The ville was quiet. Word had quickly gotten around the small settlements that surrounded the main house — word that the long-lost Lord Ryan had returned and been captured; word that during the day, he and his companions would become the victims of the hunting pack of crossbred hounds.
It was something over an hour later — neither man was sufficiently high in the rankings of the sec men to merit his own chron — and they were talking quietly about the merits of a two-edged knife against a single blade.
Then the explosion came with a shock wave that fluttered dried leaves on the cobbles leading to the drawbridge, rippling the surface of the filthy moat.
The noise was like a hundred distant peals of thunder collected into one great booming crash.
Baker jumped, nearly dropping his M-16. "May Blessed Ryan save us!" he exclaimed, the words out before he could stop them.

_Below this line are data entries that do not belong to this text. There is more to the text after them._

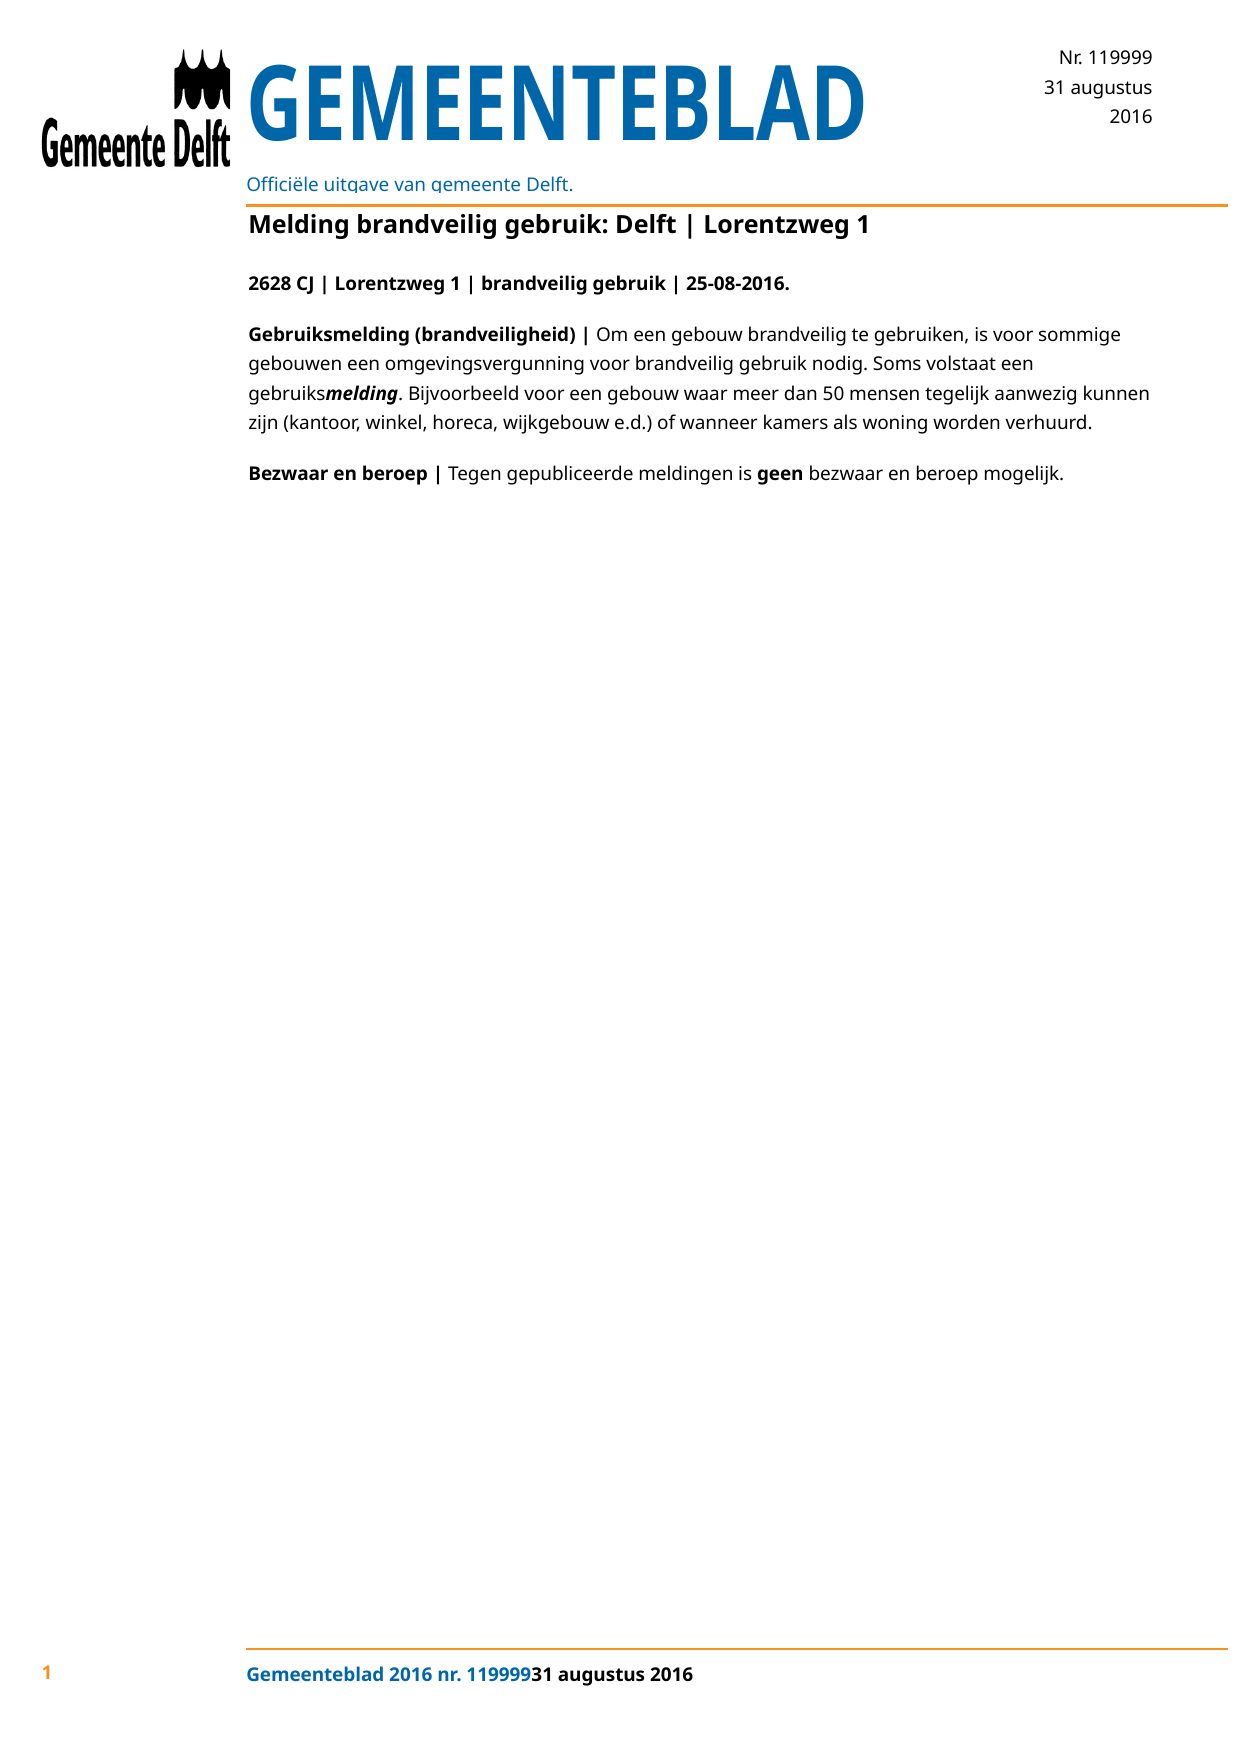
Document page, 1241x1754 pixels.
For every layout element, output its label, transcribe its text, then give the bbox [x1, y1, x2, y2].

text 2628 CJ | Lorentzweg 1 | brandveilig gebruik | 25-08-2016. [248, 270, 1152, 296]
picture [41, 47, 231, 172]
text Melding brandveilig gebruik: Delft | Lorentzweg 1 [248, 207, 1152, 241]
text Gebruiksmelding (brandveiligheid) | Om een gebouw brandveilig te gebruiken, is voor sommige gebouwen een omgevingsvergunning voor brandveilig gebruik nodig. Soms volstaat een gebruiksmelding. Bijvoorbeeld voor een gebouw waar meer dan 50 mensen tegelijk aanwezig kunnen zijn (kantoor, winkel, horeca, wijkgebouw e.d.) of wanneer kamers als woning worden verhuurd. [248, 321, 1152, 435]
text Bezwaar en beroep | Tegen gepubliceerde meldingen is geen bezwaar en beroep mogelijk. [248, 460, 1152, 486]

But his companion was too startled himself to notice the treasonable utterance bursting from Trooper Baker.
A cloud of smoke gushed straight up. It was dark and oily, and Lesser's sharp sight picked out black shapes that rose within it and then fell again into the trees. The light breeze tugged at the toppling crown of the smoke, tearing it into ragged streaks of gray. Within a couple of minutes the wind brought the faint smell of gasoline to the two men, overlaid with another scent, oddly familiar, yet elusive. It reminded Lesser of something in the kitchens, but he couldn't say what.

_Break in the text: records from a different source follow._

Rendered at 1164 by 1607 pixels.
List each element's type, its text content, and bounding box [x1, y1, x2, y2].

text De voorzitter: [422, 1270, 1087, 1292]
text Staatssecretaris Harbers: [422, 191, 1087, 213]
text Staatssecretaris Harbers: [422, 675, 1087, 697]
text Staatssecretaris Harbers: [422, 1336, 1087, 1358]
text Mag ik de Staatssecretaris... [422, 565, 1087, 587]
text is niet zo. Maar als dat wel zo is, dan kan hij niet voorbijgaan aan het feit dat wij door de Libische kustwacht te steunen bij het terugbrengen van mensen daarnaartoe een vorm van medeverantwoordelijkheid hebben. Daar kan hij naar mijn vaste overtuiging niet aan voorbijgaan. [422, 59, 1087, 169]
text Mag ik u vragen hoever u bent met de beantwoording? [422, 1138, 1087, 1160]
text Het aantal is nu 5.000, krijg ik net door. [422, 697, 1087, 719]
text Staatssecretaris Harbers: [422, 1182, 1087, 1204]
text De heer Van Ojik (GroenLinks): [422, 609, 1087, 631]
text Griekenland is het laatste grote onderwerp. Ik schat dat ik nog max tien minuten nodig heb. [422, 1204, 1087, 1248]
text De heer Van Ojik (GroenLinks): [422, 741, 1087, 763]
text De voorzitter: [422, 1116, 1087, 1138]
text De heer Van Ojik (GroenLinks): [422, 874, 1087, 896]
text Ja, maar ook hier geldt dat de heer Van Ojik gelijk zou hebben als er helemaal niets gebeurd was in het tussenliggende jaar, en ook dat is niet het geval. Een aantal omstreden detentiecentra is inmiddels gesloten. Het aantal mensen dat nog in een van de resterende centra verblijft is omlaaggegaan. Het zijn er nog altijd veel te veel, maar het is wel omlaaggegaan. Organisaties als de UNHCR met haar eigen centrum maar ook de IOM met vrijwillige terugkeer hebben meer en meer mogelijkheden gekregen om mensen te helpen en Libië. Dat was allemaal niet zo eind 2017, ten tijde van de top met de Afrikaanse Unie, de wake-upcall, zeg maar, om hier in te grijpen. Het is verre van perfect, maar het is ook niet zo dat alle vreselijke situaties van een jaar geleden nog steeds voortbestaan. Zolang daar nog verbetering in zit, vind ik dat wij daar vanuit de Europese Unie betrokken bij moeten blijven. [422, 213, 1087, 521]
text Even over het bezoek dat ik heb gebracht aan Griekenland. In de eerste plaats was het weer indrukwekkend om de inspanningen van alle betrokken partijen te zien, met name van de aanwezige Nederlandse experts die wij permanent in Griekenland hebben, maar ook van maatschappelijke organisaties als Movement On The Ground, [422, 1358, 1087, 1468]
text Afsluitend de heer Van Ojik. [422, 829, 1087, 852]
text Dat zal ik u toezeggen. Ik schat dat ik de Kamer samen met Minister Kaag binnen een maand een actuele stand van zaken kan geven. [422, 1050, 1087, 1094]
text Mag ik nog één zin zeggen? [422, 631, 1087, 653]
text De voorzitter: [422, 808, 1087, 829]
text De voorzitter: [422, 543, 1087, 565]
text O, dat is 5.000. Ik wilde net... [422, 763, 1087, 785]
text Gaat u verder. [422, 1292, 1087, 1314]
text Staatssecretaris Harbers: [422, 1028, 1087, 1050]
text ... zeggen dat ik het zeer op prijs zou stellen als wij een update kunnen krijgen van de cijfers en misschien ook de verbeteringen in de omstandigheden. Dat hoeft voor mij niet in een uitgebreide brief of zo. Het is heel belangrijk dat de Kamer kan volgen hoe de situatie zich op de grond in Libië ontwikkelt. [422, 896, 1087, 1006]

Neither man knew quite what he should do. The explosion certainly had come from the direction of the Oxbow Loop, where the hunting always took place, and it had been a truly awesome explosion. But what it portended?.. That was the question.
Neither man even knew who was supposed to be in charge of the ville. The baron was gone, and he'd taken virtually everyone with him, including the senior sec officer. Lesser wondered, nervously, if one of them ought to go and tell Lady Rachel about the explosion. But that meant going all the way to her suite of rooms and risking her anger if she was sleeping. Or "busy." And both men knew what "busy" might mean to the Baron's wife.
So they did nothing.
About half an hour later Baker heard a horse coming toward them at a fast canter from the general direction of the Oxbow Loop Road. And they could hear shouting — a man roaring in a hoarse voice.